Глава 24 Любовь и Жертва
Время шло, а Мария Александровна, запершись в своем будуаре за чтением книг, казалось совсем позабыла о муже. Даже попросила слуг приносить ей еду в комнату, чтобы не сидеть с ним за одним столом. Как уже догадался Петр, та совместная поездка к теще Софье Николаевне на Масленицу была исключительно спектаклем, чтобы не растревожить маман своими семейными неурядицами и показать ей, что между ними все хорошо и гладко.
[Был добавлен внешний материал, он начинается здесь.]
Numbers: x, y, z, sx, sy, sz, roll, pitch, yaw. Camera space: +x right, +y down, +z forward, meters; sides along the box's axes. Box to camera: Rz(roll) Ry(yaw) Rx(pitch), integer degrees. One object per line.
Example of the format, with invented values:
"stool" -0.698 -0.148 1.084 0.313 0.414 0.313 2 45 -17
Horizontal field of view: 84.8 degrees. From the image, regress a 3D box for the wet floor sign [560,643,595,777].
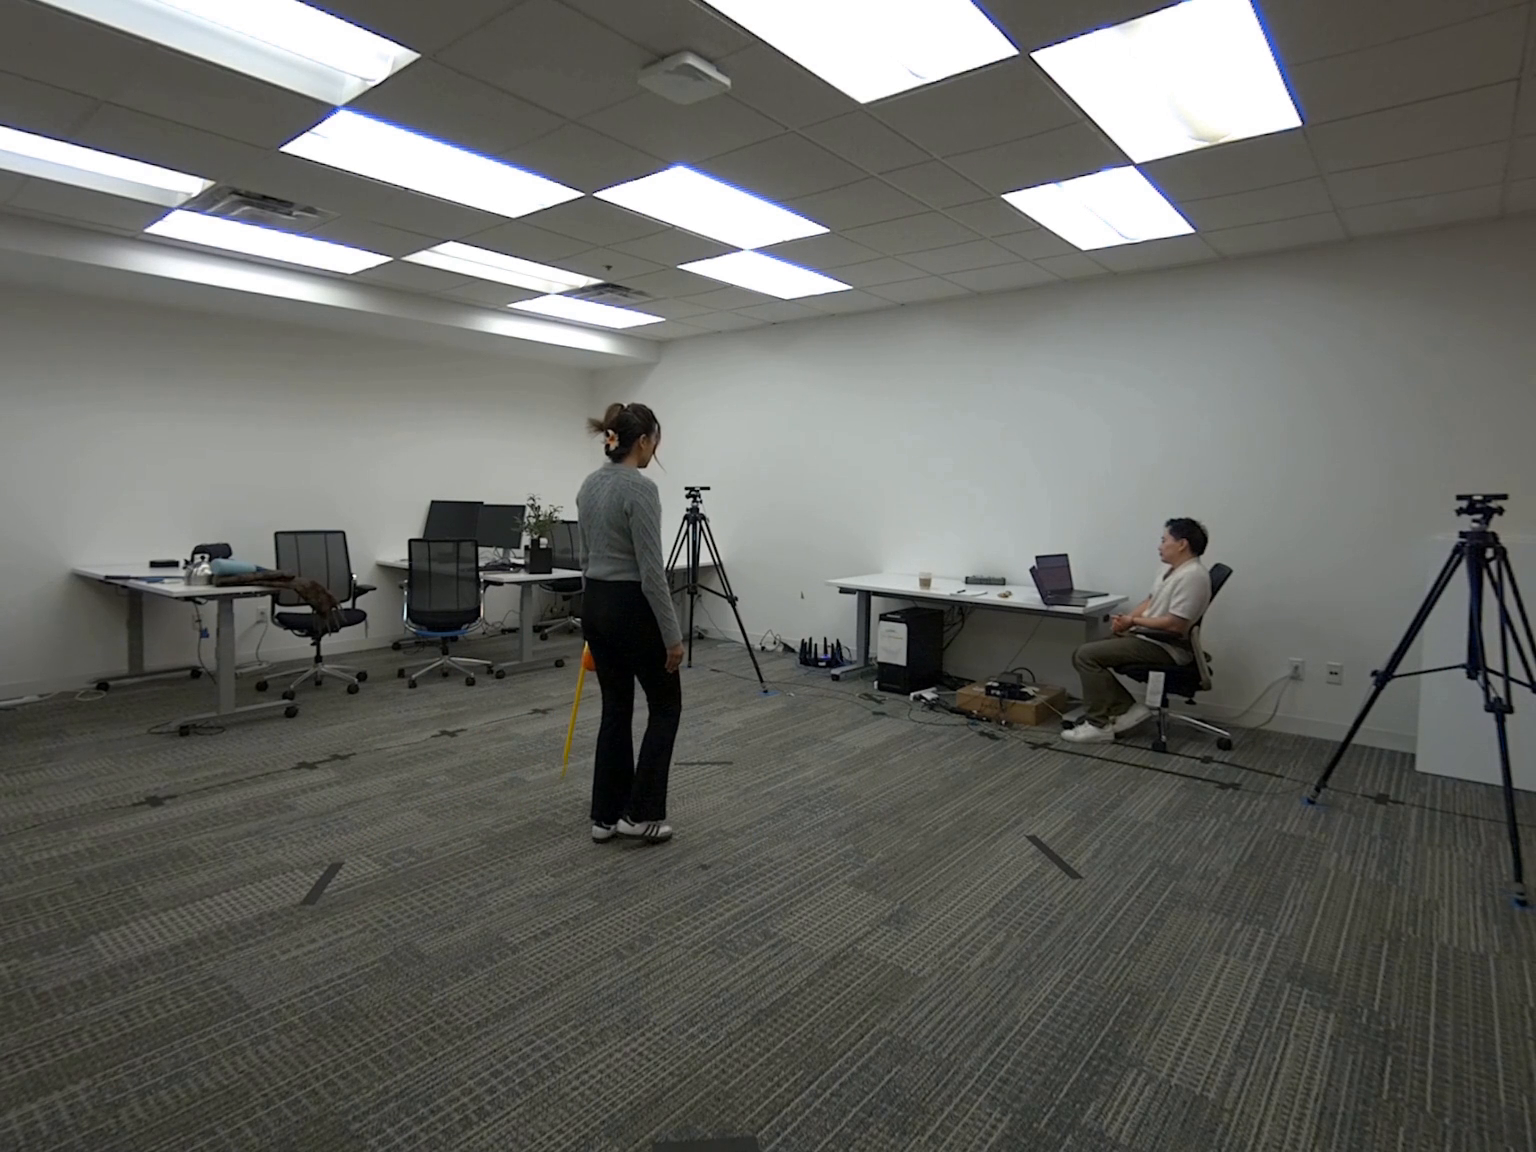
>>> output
"wet floor sign" -0.762 0.505 3.685 0.287 0.641 0.287 0 9 -9

На предложение поехать вдвоем в Италию Мари ответила отказом.
Начался Великий пост и Петр Павлович в терпении и смирении перед женой дожидался его окончания. Он надеялся, что с наступлением Пасхи, а перед ней – Прощенного воскресенья, Мария простит его и все между ними уладится. Чужие люди в этот праздник христосуются, так неужели его суженная, его жена перед Богом и людьми откажет ему в этом…
Наконец, Прощенное воскресенье наступило и Петр, послав жене корзину с наилучшими цветами, что были тогда в Петербурге, осмелился попросить у Марии прощения. Он надел новую синюю тройку с красивым галстуком, рубашку, манжеты которой украшали поблескивающие золотые запонки от Картье, все указывало на важность момента. С волнением в сердце Кулябицкий постучал в дверь будуара жены. Заслышав ее шаги, Петр Павлович заволновался еще больше, чем в день их венчания. Дверь открылась и он увидел ее впервые после той поездки к теще на Масличной неделе. Его поразила произошедшая с Мари перемена, будто не месяц прошел, а гораздо больший срок. Из тоненькой девушки, с вечно опущенными ресницами, она превратилась в молодую женщину, смотрящую смело, прямо ему в глаза. Прекрасную, возможно, даже красивее, чем была, но женщину, ничего не имеющую общего с той его Белой Лилией. От этого неожиданного открытия Петр стал смелее и стоя на пороге комнаты жены, не в силах оторвать от нее взгляда, произнес:
– Мария Александровна, нам надо объясниться. Но вначале я попрошу у Вас прощения, как и положено сегодня в этот день. Простите меня!
На что Мария ответила спокойно, всем своим видом показывая, что она поступает обдуманно и искренне, а не из жеманства, которое было ей несвойственно:
– Бог простит и я прощаю Вас, Петр Павлович!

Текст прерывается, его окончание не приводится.